The late Kiwi musician Dave McArtney has the final word on a life in rock'n'roll in a memoir to be published in May.
Having worked on the memoir for more than a decade the founding member of Hello Sailor and the Pink Flamingos finally delivered the completed manuscript in March 2013 - just weeks before his death, aged 62.
Gutter Black: A Memoir is described by its publisher HarperCollins as a candid, funny, irreverent and sometimes shocking story.
It charts Hello Sailor's emergence from the Mandrax Mansion in pre-gentrification Ponsonby in the early 1970s, to the band's rapid rise to national fame and eventual ill-fated attempt to break into the American music industry.
The adventures, misadventures and near-disasters are all there.
But the book is also the personal story of a hugely talented musician and song-writer who grew up in public and went on to become one of New Zealand's best-loved performing artists.
"We had spoken about the book, on and off, for years," HarperCollins' New Zealand publisher Finlay Macdonald says.
"It is everything I knew it would be.

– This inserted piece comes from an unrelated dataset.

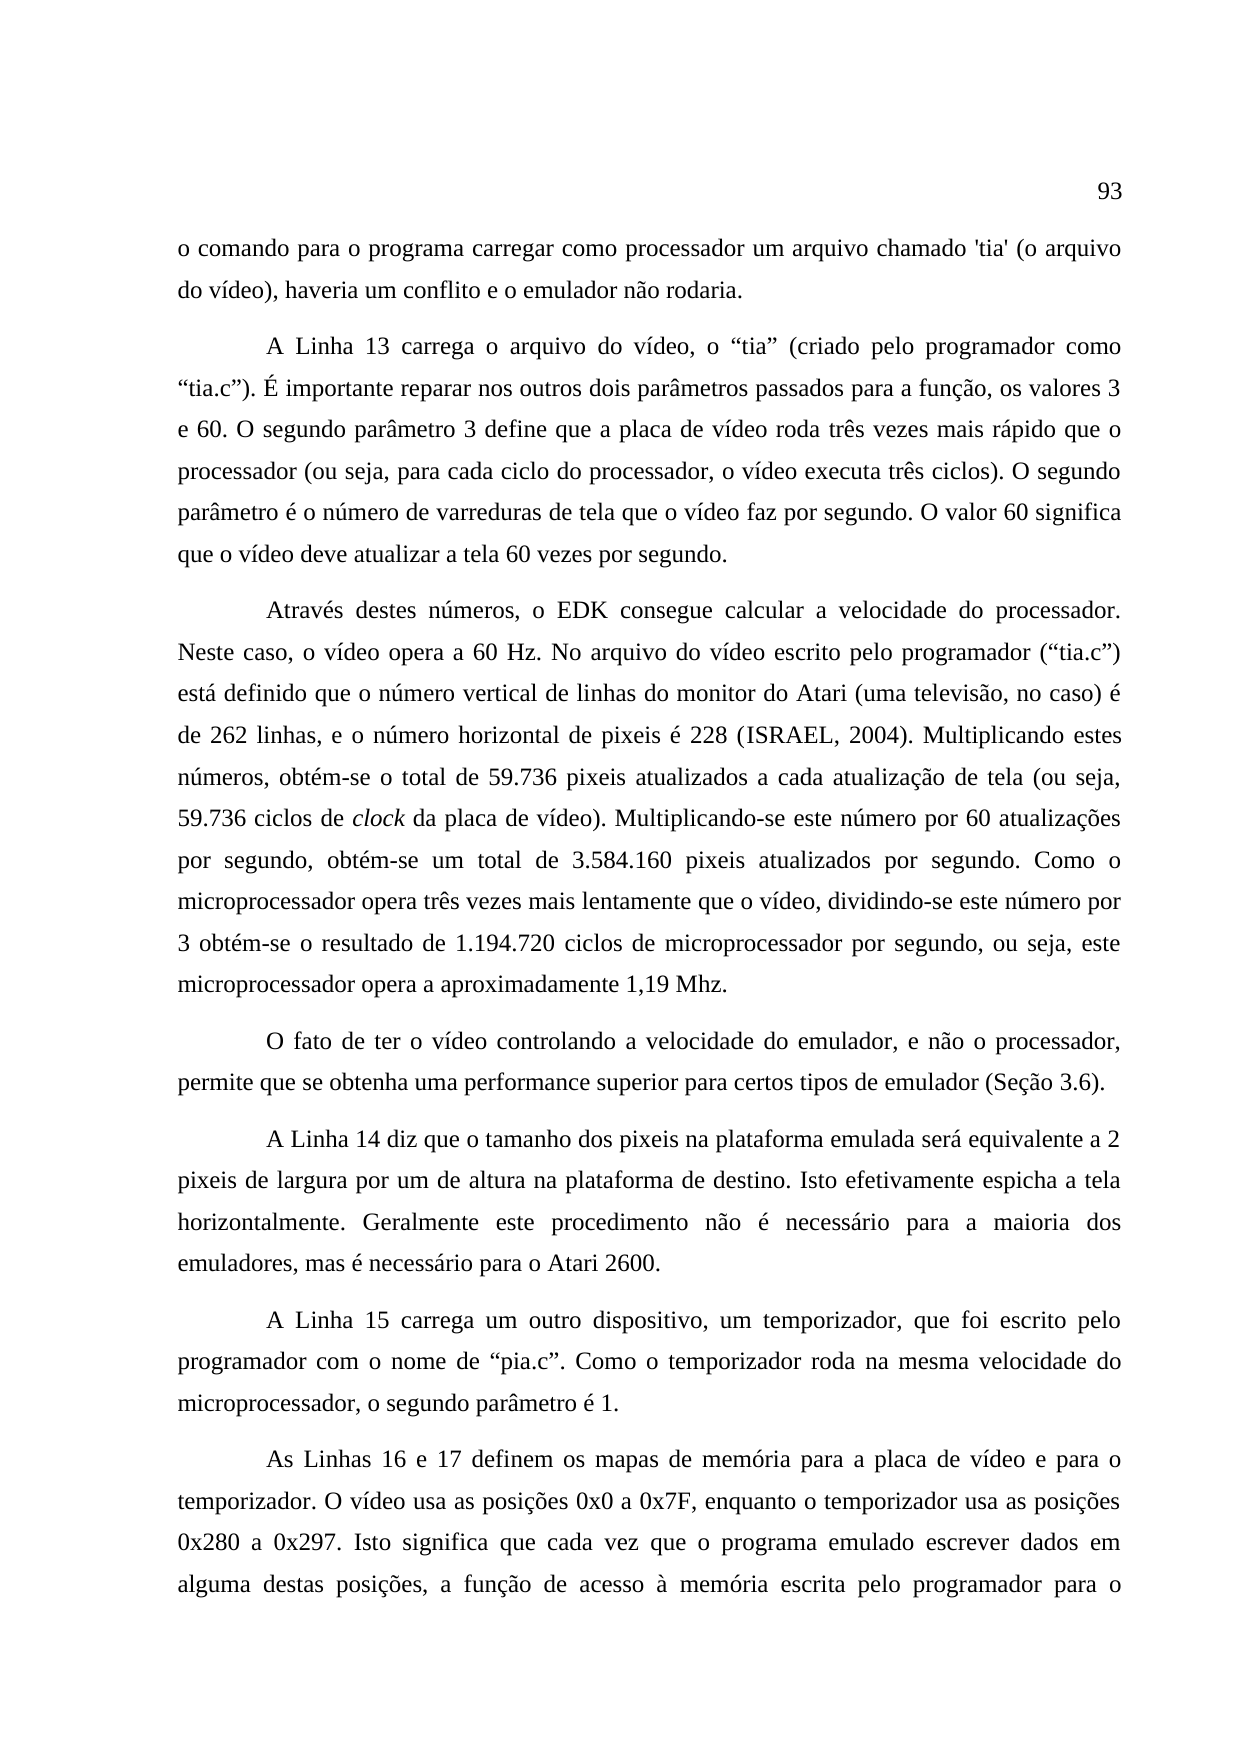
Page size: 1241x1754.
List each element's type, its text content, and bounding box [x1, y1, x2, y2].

It's an eye-witness account of a formative period in local music, but it's also a kind of social history of those times, as well as an intimate memoir by an amazingly creative individual."
With contributions from Mr McArtney's wife Donna and band-mates Harry Lyon and Graham Brazier, Gutter Black is fully illustrated throughout and includes many previously unpublished images.
It is being released in time for New Zealand Music Month in May and will be launched at the Auckland Writers and Readers Festival.